Christin: I don’t actually think it’s a hard sell. People in all levels that I talk to tend to see the value. It’s just that they’ve never thought of it. They never made a connection between playing games and actually learning something that would improve your work performance. And I think it’s important to clearly define though what you learn from a certain game or what the skills are that you’re practicing.
Otherwise the game of course loses a lot of its value and it might also just be seen as a game and a waste of work time.
There’s still a tendency in general I think to see work and fun as opposites.
And they’re definitely not and that’s where you should try to start. If you let it, it’s okay to have fun at work.
Noel: If it’s not so much a hard sell to leadership, or maybe the question should be can it be sometimes more difficult to convince an employee, maybe one who has been around for a while and has been in an environment where this has never really been done before. Do you think it can be sometimes even more difficult to convince an employee who is not seeing the benefits of gaming and the skills that it will improve even though some people in the organization may really preach this highly? Do you think it can be hard sometimes to convince just other people to kind of play along with the rest of the team even if management and leadership has welcomed it in?
Christin: I don’t think I really met anyone so far who doesn’t enjoy some kind of game or puzzle, whether it’s riddles, Sudoku, or crossword puzzles.
The problem is that people often fear that they will be assessed on their performance. So they might be reluctant to participate because they’re afraid of failing. They’re afraid of trying something they haven’t tried before because they don’t know the answers. And of course the whole point of playing these games is that you don’t know the answer. You’re trying to learn and improve your skills. So the key is really to make sure that the games are never used to evaluate people.

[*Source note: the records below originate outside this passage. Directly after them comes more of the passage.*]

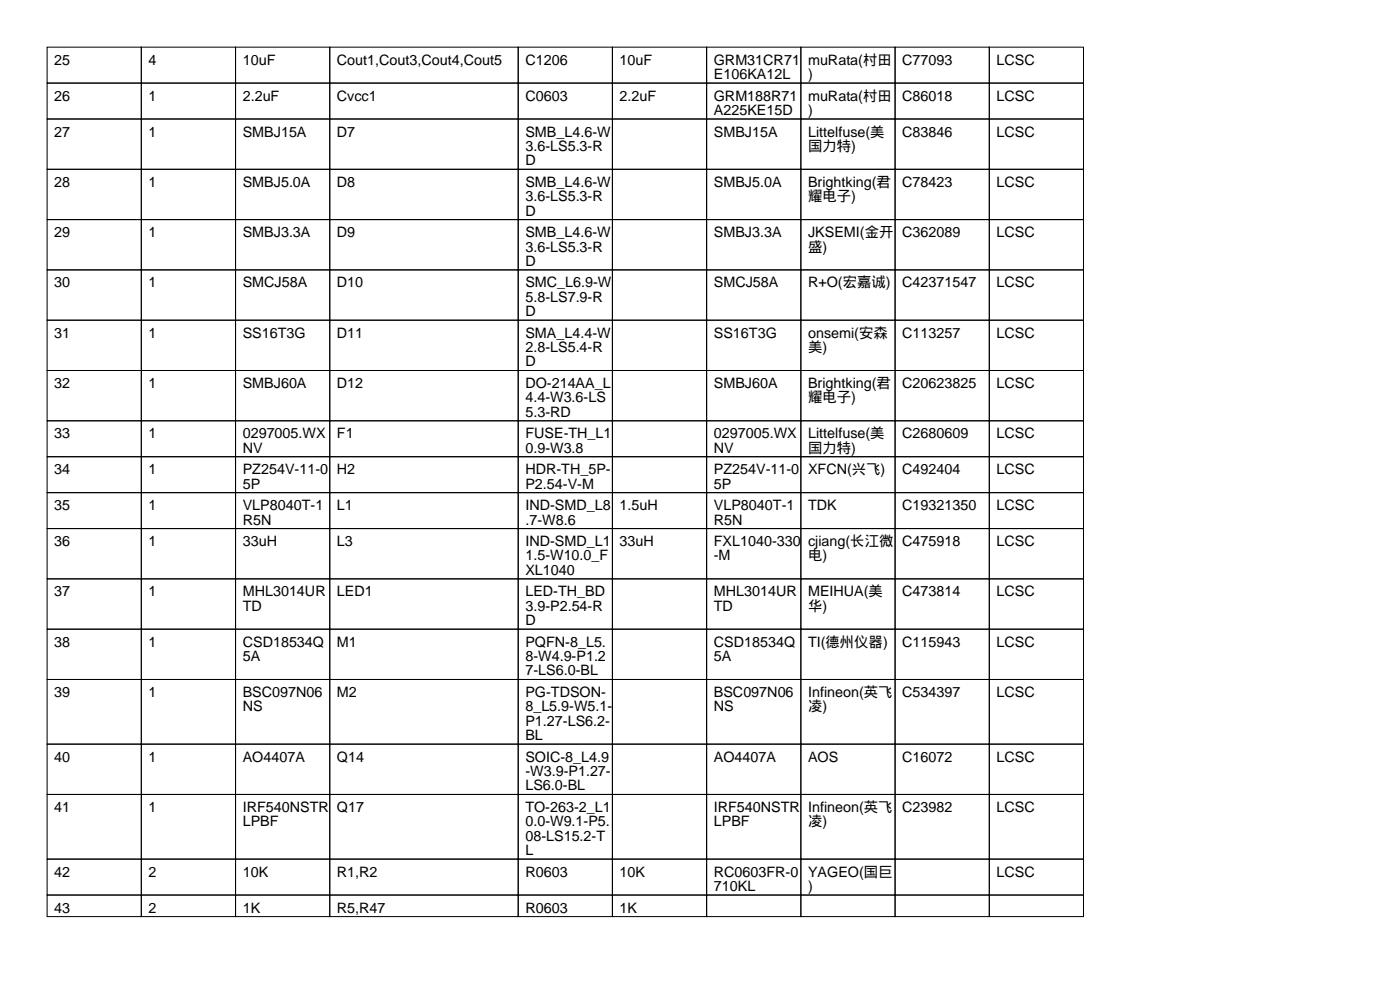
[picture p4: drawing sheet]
<svg xmlns="http://www.w3.org/2000/svg" width="297mm" height="210mm" viewBox="0 0 297 210" stroke-linecap="round" stroke-linejoin="round" font-family="sans-serif">
<defs><g id="words">
<g font-size="3">
<text x="11.5" y="13.7">25</text>
<text x="31.5" y="13.7">4</text>
<text x="51.5" y="13.7">10uF</text>
<text x="71.5" y="13.7">Cout1,Cout3,Cout4,Cout5</text>
<text x="111.5" y="13.7">C1206</text>
<text x="131.5" y="13.7">10uF</text>
<text x="151.5" y="13.7">GRM31CR71</text>
<text x="151.5" y="16.8">E106KA12L</text>
<text x="171.5" y="13.7">muRata(村田</text>
<text x="171.5" y="16.8">)</text>
<text x="191.5" y="13.7">C77093</text>
<text x="211.5" y="13.7">LCSC</text>
<text x="11.5" y="21.3">26</text>
<text x="31.5" y="21.3">1</text>
<text x="51.5" y="21.3">2.2uF</text>
<text x="71.5" y="21.3">Cvcc1</text>
<text x="111.5" y="21.3">C0603</text>
<text x="131.5" y="21.3">2.2uF</text>
<text x="151.5" y="21.3">GRM188R71</text>
<text x="171.5" y="21.3">muRata(村田</text>
<text x="191.5" y="21.3">C86018</text>
<text x="211.5" y="21.3">LCSC</text>
<text x="11.5" y="29">27</text>
<text x="31.5" y="29">1</text>
<text x="51.5" y="29">SMBJ15A</text>
<text x="71.5" y="29">D7</text>
<text x="111.5" y="29">SMB_L4.6-W</text>
<text x="151.5" y="24.4">A225KE15D</text>
<text x="151.5" y="29">SMBJ15A</text>
<text x="171.5" y="24.4">)</text>
<text x="171.5" y="29">Littelfuse(美</text>
<text x="191.5" y="29">C83846</text>
<text x="211.5" y="29">LCSC</text>
<text x="111.5" y="32">3.6-LS5.3-R</text>
<text x="111.5" y="35.1">D</text>
<text x="171.5" y="32">国力特)</text>
<text x="11.5" y="39.6">28</text>
<text x="31.5" y="39.6">1</text>
<text x="51.5" y="39.6">SMBJ5.0A</text>
<text x="71.5" y="39.6">D8</text>
<text x="111.5" y="39.6">SMB_L4.6-W</text>
<text x="151.5" y="39.6">SMBJ5.0A</text>
<text x="171.5" y="39.6">Brightking(君</text>
<text x="191.5" y="39.6">C78423</text>
<text x="211.5" y="39.6">LCSC</text>
<text x="111.5" y="42.7">3.6-LS5.3-R</text>
<text x="111.5" y="45.7">D</text>
<text x="171.5" y="42.7">耀电子)</text>
<text x="11.5" y="50.3">29</text>
<text x="31.5" y="50.3">1</text>
<text x="51.5" y="50.3">SMBJ3.3A</text>
<text x="71.5" y="50.3">D9</text>
<text x="111.5" y="50.3">SMB_L4.6-W</text>
<text x="111.5" y="53.3">3.6-LS5.3-R</text>
<text x="151.5" y="50.3">SMBJ3.3A</text>
<text x="171.5" y="50.3">JKSEMI(金开</text>
<text x="171.5" y="53.3">盛)</text>
<text x="191.5" y="50.3">C362089</text>
<text x="211.5" y="50.3">LCSC</text>
<text x="111.5" y="56.4">D</text>
<text x="11.5" y="61">30</text>
<text x="31.5" y="61">1</text>
<text x="51.5" y="61">SMCJ58A</text>
<text x="71.5" y="61">D10</text>
<text x="111.5" y="61">SMC_L6.9-W</text>
<text x="111.5" y="64">5.8-LS7.9-R</text>
<text x="151.5" y="61">SMCJ58A</text>
<text x="171.5" y="61">R+O(宏嘉诚)</text>
<text x="191.5" y="61">C42371547</text>
<text x="211.5" y="61">LCSC</text>
<text x="11.5" y="71.6">31</text>
<text x="31.5" y="71.6">1</text>
<text x="51.5" y="71.6">SS16T3G</text>
<text x="71.5" y="71.6">D11</text>
<text x="111.5" y="67.1">D</text>
<text x="111.5" y="71.6">SMA_L4.4-W</text>
<text x="151.5" y="71.6">SS16T3G</text>
<text x="171.5" y="71.6">onsemi(安森</text>
<text x="191.5" y="71.6">C113257</text>
<text x="211.5" y="71.6">LCSC</text>
<text x="111.5" y="74.7">2.8-LS5.4-R</text>
<text x="111.5" y="77.7">D</text>
<text x="171.5" y="74.7">美)</text>
<text x="11.5" y="82.3">32</text>
<text x="31.5" y="82.3">1</text>
<text x="51.5" y="82.3">SMBJ60A</text>
<text x="71.5" y="82.3">D12</text>
<text x="111.5" y="82.3">DO-214AA_L</text>
<text x="151.5" y="82.3">SMBJ60A</text>
<text x="171.5" y="82.3">Brightking(君</text>
<text x="191.5" y="82.3">C20623825</text>
<text x="211.5" y="82.3">LCSC</text>
<text x="111.5" y="85.3">4.4-W3.6-LS</text>
<text x="111.5" y="88.4">5.3-RD</text>
<text x="171.5" y="85.3">耀电子)</text>
<text x="11.5" y="93">33</text>
<text x="31.5" y="93">1</text>
<text x="51.5" y="93">0297005.WX</text>
<text x="71.5" y="93">F1</text>
<text x="111.5" y="93">FUSE-TH_L1</text>
<text x="151.5" y="93">0297005.WX</text>
<text x="171.5" y="93">Littelfuse(美</text>
<text x="191.5" y="93">C2680609</text>
<text x="211.5" y="93">LCSC</text>
<text x="11.5" y="100.6">34</text>
<text x="31.5" y="100.6">1</text>
<text x="51.5" y="96">NV</text>
<text x="51.5" y="100.6">PZ254V-11-0</text>
<text x="71.5" y="100.6">H2</text>
<text x="111.5" y="96">0.9-W3.8</text>
<text x="111.5" y="100.6">HDR-TH_5P-</text>
<text x="151.5" y="96">NV</text>
<text x="151.5" y="100.6">PZ254V-11-0</text>
<text x="171.5" y="96">国力特)</text>
<text x="171.5" y="100.6">XFCN(兴飞)</text>
<text x="191.5" y="100.6">C492404</text>
<text x="211.5" y="100.6">LCSC</text>
<text x="51.5" y="103.6">5P</text>
<text x="111.5" y="103.6">P2.54-V-M</text>
<text x="151.5" y="103.6">5P</text>
<text x="11.5" y="108.2">35</text>
<text x="31.5" y="108.2">1</text>
<text x="51.5" y="108.2">VLP8040T-1</text>
<text x="51.5" y="111.3">R5N</text>
<text x="71.5" y="108.2">L1</text>
<text x="111.5" y="108.2">IND-SMD_L8</text>
<text x="111.5" y="111.3">.7-W8.6</text>
<text x="131.5" y="108.2">1.5uH</text>
<text x="151.5" y="108.2">VLP8040T-1</text>
<text x="151.5" y="111.3">R5N</text>
<text x="171.5" y="108.2">TDK</text>
<text x="191.5" y="108.2">C19321350</text>
<text x="211.5" y="108.2">LCSC</text>
<text x="11.5" y="115.8">36</text>
<text x="31.5" y="115.8">1</text>
<text x="51.5" y="115.8">33uH</text>
<text x="71.5" y="115.8">L3</text>
<text x="111.5" y="115.8">IND-SMD_L1</text>
<text x="111.5" y="118.9">1.5-W10.0_F</text>
<text x="131.5" y="115.8">33uH</text>
<text x="151.5" y="115.8">FXL1040-330</text>
<text x="151.5" y="118.9">-M</text>
<text x="171.5" y="115.8">cjiang(长江微</text>
<text x="171.5" y="118.9">电)</text>
<text x="191.5" y="115.8">C475918</text>
<text x="211.5" y="115.8">LCSC</text>
<text x="111.5" y="121.9">XL1040</text>
<text x="11.5" y="126.5">37</text>
<text x="31.5" y="126.5">1</text>
<text x="51.5" y="126.5">MHL3014UR</text>
<text x="51.5" y="129.5">TD</text>
<text x="71.5" y="126.5">LED1</text>
<text x="111.5" y="126.5">LED-TH_BD</text>
<text x="111.5" y="129.5">3.9-P2.54-R</text>
<text x="151.5" y="126.5">MHL3014UR</text>
<text x="151.5" y="129.5">TD</text>
<text x="171.5" y="126.5">MEIHUA(美</text>
<text x="171.5" y="129.5">华)</text>
<text x="191.5" y="126.5">C473814</text>
<text x="211.5" y="126.5">LCSC</text>
<text x="11.5" y="137.2">38</text>
<text x="31.5" y="137.2">1</text>
<text x="51.5" y="137.2">CSD18534Q</text>
<text x="71.5" y="137.2">M1</text>
<text x="111.5" y="132.6">D</text>
<text x="111.5" y="137.2">PQFN-8_L5.</text>
<text x="151.5" y="137.2">CSD18534Q</text>
<text x="171.5" y="137.2">TI(德州仪器)</text>
<text x="191.5" y="137.2">C115943</text>
<text x="211.5" y="137.2">LCSC</text>
<text x="51.5" y="140.2">5A</text>
<text x="111.5" y="140.2">8-W4.9-P1.2</text>
<text x="111.5" y="143.3">7-LS6.0-BL</text>
<text x="151.5" y="140.2">5A</text>
<text x="11.5" y="147.8">39</text>
<text x="31.5" y="147.8">1</text>
<text x="51.5" y="147.8">BSC097N06</text>
<text x="71.5" y="147.8">M2</text>
<text x="111.5" y="147.8">PG-TDSON-</text>
<text x="151.5" y="147.8">BSC097N06</text>
<text x="171.5" y="147.8">Infineon(英飞</text>
<text x="191.5" y="147.8">C534397</text>
<text x="211.5" y="147.8">LCSC</text>
<text x="51.5" y="150.9">NS</text>
<text x="111.5" y="150.9">8_L5.9-W5.1-</text>
<text x="111.5" y="153.9">P1.27-LS6.2-</text>
<text x="151.5" y="150.9">NS</text>
<text x="171.5" y="150.9">凌)</text>
<text x="11.5" y="161.5">40</text>
<text x="31.5" y="161.5">1</text>
<text x="51.5" y="161.5">AO4407A</text>
<text x="71.5" y="161.5">Q14</text>
<text x="111.5" y="157">BL</text>
<text x="111.5" y="161.5">SOIC-8_L4.9</text>
<text x="151.5" y="161.5">AO4407A</text>
<text x="171.5" y="161.5">AOS</text>
<text x="191.5" y="161.5">C16072</text>
<text x="211.5" y="161.5">LCSC</text>
<text x="111.5" y="164.6">-W3.9-P1.27-</text>
<text x="111.5" y="167.6">LS6.0-BL</text>
<text x="11.5" y="172.2">41</text>
<text x="31.5" y="172.2">1</text>
<text x="51.5" y="172.2">IRF540NSTR</text>
<text x="71.5" y="172.2">Q17</text>
<text x="111.5" y="172.2">TO-263-2_L1</text>
<text x="151.5" y="172.2">IRF540NSTR</text>
<text x="171.5" y="172.2">Infineon(英飞</text>
<text x="191.5" y="172.2">C23982</text>
<text x="211.5" y="172.2">LCSC</text>
<text x="51.5" y="175.3">LPBF</text>
<text x="111.5" y="175.3">0.0-W9.1-P5.</text>
<text x="111.5" y="178.3">08-LS15.2-T</text>
<text x="151.5" y="175.3">LPBF</text>
<text x="171.5" y="175.3">凌)</text>
<text x="11.5" y="185.9">42</text>
<text x="31.5" y="185.9">2</text>
<text x="51.5" y="185.9">10K</text>
<text x="71.5" y="185.9">R1,R2</text>
<text x="111.5" y="181.4">L</text>
<text x="111.5" y="185.9">R0603</text>
<text x="131.5" y="185.9">10K</text>
<text x="151.5" y="185.9">RC0603FR-0</text>
<text x="171.5" y="185.9">YAGEO(国巨</text>
<text x="211.5" y="185.9">LCSC</text>
<text x="151.5" y="189">710KL</text>
<text x="171.5" y="189">)</text>
<text x="11.5" y="193.6">43</text>
<text x="31.5" y="193.6">2</text>
<text x="51.5" y="193.6">1K</text>
<text x="71.5" y="193.6">R5,R47</text>
<text x="111.5" y="193.6">R0603</text>
<text x="131.5" y="193.6">1K</text>
</g>
</g></defs>
<g fill="none" stroke="#000" stroke-width=".21">
<path d="M10 10h20v7.6h-20zM10 17.6h20v7.6h-20zM30 10h20v7.6h-20zM30 17.6h20v7.6h-20zM50 10h20v7.6h-20zM50 17.6h20v7.6h-20zM70 10h40v7.6h-40zM70 17.6h40v7.6h-40zM110 10h20v7.6h-20zM110 17.6h20v7.6h-20zM130 10h20v7.6h-20zM130 17.6h20v7.6h-20z"/>
<path d="M150 10h20v7.6h-20zM150 17.6h20v7.6h-20zM170 10h20v7.6h-20zM170 17.6h20v7.6h-20zM190 10h20v7.6h-20zM190 17.6h20v7.6h-20zM210 10h20v7.6h-20zM210 17.6h20v7.6h-20zM10 25.2h20v10.7h-20zM10 35.9h20v10.7h-20zM30 25.2h20v10.7h-20zM30 35.9h20v10.7h-20z"/>
<path d="M50 25.2h20v10.7h-20zM50 35.9h20v10.7h-20zM70 25.2h40v10.7h-40zM70 35.9h40v10.7h-40zM110 25.2h20v10.7h-20zM110 35.9h20v10.7h-20zM130 25.2h20v10.7h-20zM130 35.9h20v10.7h-20zM150 25.2h20v10.7h-20zM150 35.9h20v10.7h-20zM170 25.2h20v10.7h-20zM170 35.9h20v10.7h-20z"/>
<path d="M190 25.2h20v10.7h-20zM190 35.9h20v10.7h-20zM210 25.2h20v10.7h-20zM210 35.9h20v10.7h-20zM10 46.6h20v10.6h-20zM10 57.2h20v10.7h-20zM30 46.6h20v10.6h-20zM30 57.2h20v10.7h-20zM50 46.6h20v10.6h-20zM50 57.2h20v10.7h-20zM70 46.6h40v10.6h-40zM70 57.2h40v10.7h-40z"/>
<path d="M110 46.6h20v10.6h-20zM110 57.2h20v10.7h-20zM130 46.6h20v10.6h-20zM130 57.2h20v10.7h-20zM150 46.6h20v10.6h-20zM150 57.2h20v10.7h-20zM170 46.6h20v10.6h-20zM170 57.2h20v10.7h-20zM190 46.6h20v10.6h-20zM190 57.2h20v10.7h-20zM210 46.6h20v10.6h-20zM210 57.2h20v10.7h-20z"/>
<path d="M10 67.9h20v10.7h-20zM10 78.6h20v10.6h-20zM30 67.9h20v10.7h-20zM30 78.6h20v10.6h-20zM50 67.9h20v10.7h-20zM50 78.6h20v10.6h-20zM70 67.9h40v10.7h-40zM70 78.6h40v10.6h-40zM110 67.9h20v10.7h-20zM110 78.6h20v10.6h-20zM130 67.9h20v10.7h-20zM130 78.6h20v10.6h-20z"/>
<path d="M150 67.9h20v10.7h-20zM150 78.6h20v10.6h-20zM170 67.9h20v10.7h-20zM170 78.6h20v10.6h-20zM190 67.9h20v10.7h-20zM190 78.6h20v10.6h-20zM210 67.9h20v10.7h-20zM210 78.6h20v10.6h-20zM10 89.2h20v7.7h-20zM10 96.9h20v7.6h-20zM30 89.2h20v7.7h-20zM30 96.9h20v7.6h-20z"/>
<path d="M50 89.2h20v7.7h-20zM50 96.9h20v7.6h-20zM70 89.2h40v7.7h-40zM70 96.9h40v7.6h-40zM110 89.2h20v7.7h-20zM110 96.9h20v7.6h-20zM130 89.2h20v7.7h-20zM130 96.9h20v7.6h-20zM150 89.2h20v7.7h-20zM150 96.9h20v7.6h-20zM170 89.2h20v7.7h-20zM170 96.9h20v7.6h-20z"/>
<path d="M190 89.2h20v7.7h-20zM190 96.9h20v7.6h-20zM210 89.2h20v7.7h-20zM210 96.9h20v7.6h-20zM10 104.5h20v7.6h-20zM10 112.1h20v10.7h-20zM30 104.5h20v7.6h-20zM30 112.1h20v10.7h-20zM50 104.5h20v7.6h-20zM50 112.1h20v10.7h-20zM70 104.5h40v7.6h-40zM70 112.1h40v10.7h-40z"/>
<path d="M110 104.5h20v7.6h-20zM110 112.1h20v10.7h-20zM130 104.5h20v7.6h-20zM130 112.1h20v10.7h-20zM150 104.5h20v7.6h-20zM150 112.1h20v10.7h-20zM170 104.5h20v7.6h-20zM170 112.1h20v10.7h-20zM190 104.5h20v7.6h-20zM190 112.1h20v10.7h-20zM210 104.5h20v7.6h-20zM210 112.1h20v10.7h-20z"/>
<path d="M10 122.8h20v10.6h-20zM10 133.4h20v10.7h-20zM30 122.8h20v10.6h-20zM30 133.4h20v10.7h-20zM50 122.8h20v10.6h-20zM50 133.4h20v10.7h-20zM70 122.8h40v10.6h-40zM70 133.4h40v10.7h-40zM110 122.8h20v10.6h-20zM110 133.4h20v10.7h-20zM130 122.8h20v10.6h-20zM130 133.4h20v10.7h-20z"/>
<path d="M150 122.8h20v10.6h-20zM150 133.4h20v10.7h-20zM170 122.8h20v10.6h-20zM170 133.4h20v10.7h-20zM190 122.8h20v10.6h-20zM190 133.4h20v10.7h-20zM210 122.8h20v10.6h-20zM210 133.4h20v10.7h-20zM10 144.1h20v13.7h-20zM10 157.8h20v10.7h-20zM30 144.1h20v13.7h-20zM30 157.8h20v10.7h-20z"/>
<path d="M50 144.1h20v13.7h-20zM50 157.8h20v10.7h-20zM70 144.1h40v13.7h-40zM70 157.8h40v10.7h-40zM110 144.1h20v13.7h-20zM110 157.8h20v10.7h-20zM130 144.1h20v13.7h-20zM130 157.8h20v10.7h-20zM150 144.1h20v13.7h-20zM150 157.8h20v10.7h-20zM170 144.1h20v13.7h-20zM170 157.8h20v10.7h-20z"/>
<path d="M190 144.1h20v13.7h-20zM190 157.8h20v10.7h-20zM210 144.1h20v13.7h-20zM210 157.8h20v10.7h-20zM10 168.5h20v13.7h-20zM30 168.5h20v13.7h-20zM50 168.5h20v13.7h-20zM70 168.5h40v13.7h-40zM110 168.5h20v13.7h-20zM130 168.5h20v13.7h-20zM150 168.5h20v13.7h-20zM170 168.5h20v13.7h-20z"/>
<path d="M190 168.5h20v13.7h-20zM210 168.5h20v13.7h-20zM10 182.2h20v7.6h-20zM10 189.8h20v4.6h-20zM30 182.2h20v7.6h-20zM30 189.8h20v4.6h-20zM50 182.2h20v7.6h-20zM50 189.8h20v4.6h-20zM70 182.2h40v7.6h-40zM70 189.8h40v4.6h-40zM110 182.2h20v7.6h-20zM110 189.8h20v4.6h-20z"/>
<path d="M130 182.2h20v7.6h-20zM130 189.8h20v4.6h-20zM150 182.2h20v7.6h-20zM150 189.8h20v4.6h-20zM170 182.2h20v7.6h-20zM170 189.8h20v4.6h-20zM190 182.2h20v7.6h-20zM190 189.8h20v4.6h-20zM210 182.2h20v7.6h-20zM210 189.8h20v4.6h-20z"/>
</g>
<use href="#words"/>
</svg>

And that they understand and trust that.
Noel: That’s really great, being never used for evaluation. I haven’t really heard anyone say that before.
Christin: I think it needs to be pointed out explicitly actually. It’s also important to make sure that everyone can succeed.
You definitely don’t want to set people up for failure. So, a good way to get past people’s initial fear is usually to make people work in groups that they’re comfortable with. People solve tasks together so that they build up their own confidence.
Noel: That’s really good. I was at a party this weekend where my six-year-old son was with me and some people were playing one of those Dance Dance Revolution games for the Xbox Kinect where it tracks your movement. My six-year-old secretly really enjoys dancing, and he didn’t want to get up and do it because there were grownups around and he was embarrassed and shy.
There was a girl my age who really wanted to show him how to play. I told him “she really wants to show you how to do it because she knows you’ll think it’s fun. You should let her show you how.” He said he didn’t want to because “she’ll beat me.” I said to him “Yeah, she’ll probably beat you … but that’s not the point of it.”